Convolution matrix separability

Convolution with an nxn convolution matrix requires n2 multiplications per pixel and n2-1 additions per pixel. However, a property of linear algebra called separability enables this task to be completed more efficiently. When this property is used, you can achieve significant optimization improvements because it requires n multiplications and n-1 additions.

If a matrix is separable, then it can be represented as the outer product of two vectors with dimension n.

The following figure shows the separated parts of the Gaussian 5x5 matrix.


Figure 4-1 Separating the Gaussian matrix

A matrix is separable if its rank is one. The rank of a matrix is the maximum number of linearly independent columns of the matrix or the maximum number of linearly independent rows of the matrix.

A row or column is linearly independent if it cannot be expressed as a multiple of another row or column, and then added to an offset.
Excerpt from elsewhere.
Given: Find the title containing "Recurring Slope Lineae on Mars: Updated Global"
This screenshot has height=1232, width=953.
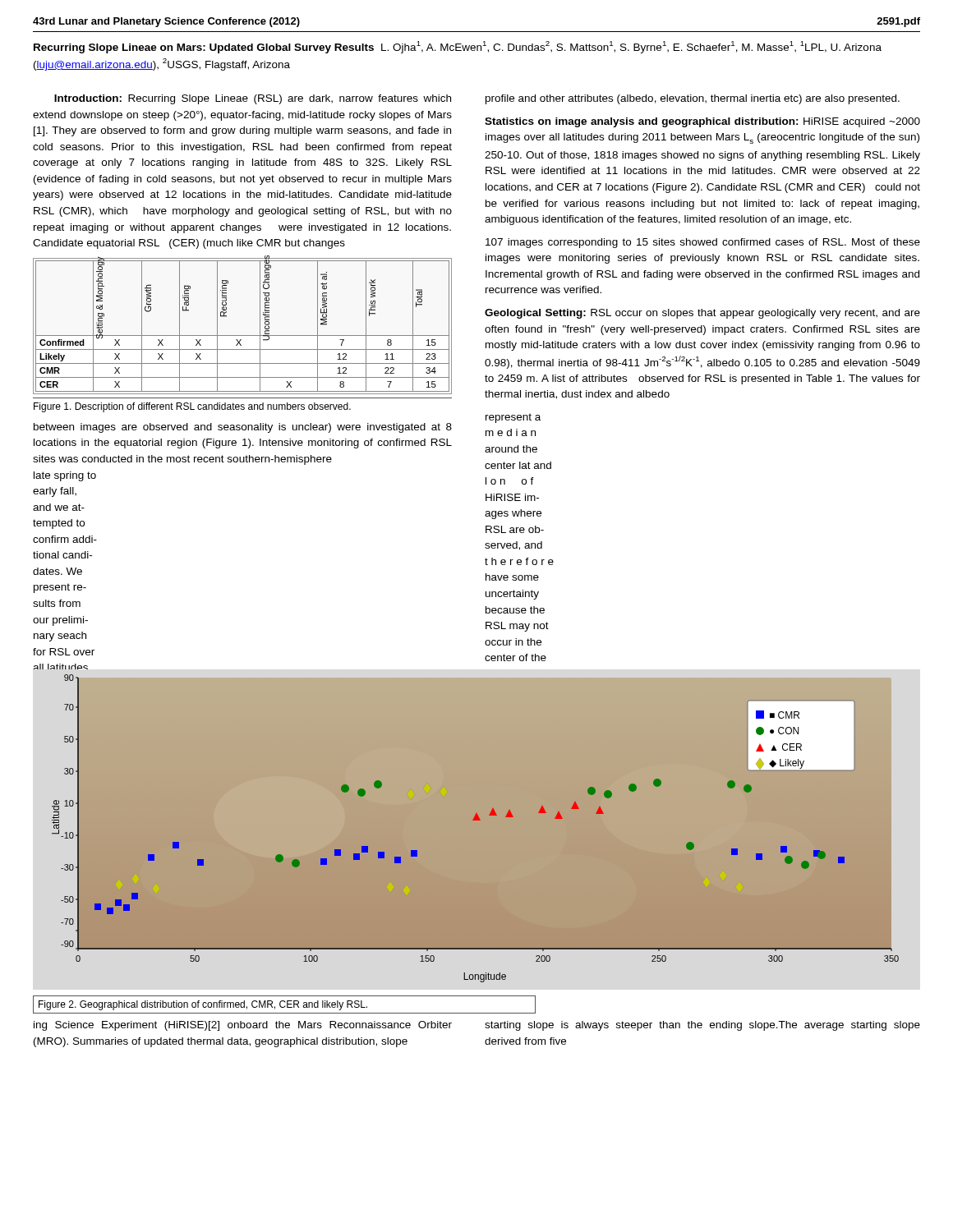Looking at the screenshot, I should pos(457,54).

Therefore the following equation is false for linearly independent rows or columns, c0 = c1 x alpha + beta, where c0 and c1 are two different rows or columns.

The Gaussian 5x5 matrix has a rank of one, therefore it is separable.

To use a separable convolution matrix efficiently, perform the total convolution by sequentially applying two convolutions using the separate parts. Apply one of the convolutions along the x direction of the image, and store the intermediate results in a temporary buffer. Then apply the second convolution along the y direction of the temporary buffer. The result from this method is identical to the result that the full unseparated matrix provides but requires fewer operations.

The following code shows how this task can be achieved.

// Pseudo code
// Convolution 1D along Y direction
for(int y = 0; y < height; y++)
{
     for(int x = 0; x < width; x++)
     {
          sum = 0.0;

          for(int i = -2; i <= 2; i++)
          {
               // Get value from SOURCE image
               pixel = get_pixel(src, x, y + i);
               sum = sum + coeffs[i + 2]*pixel;...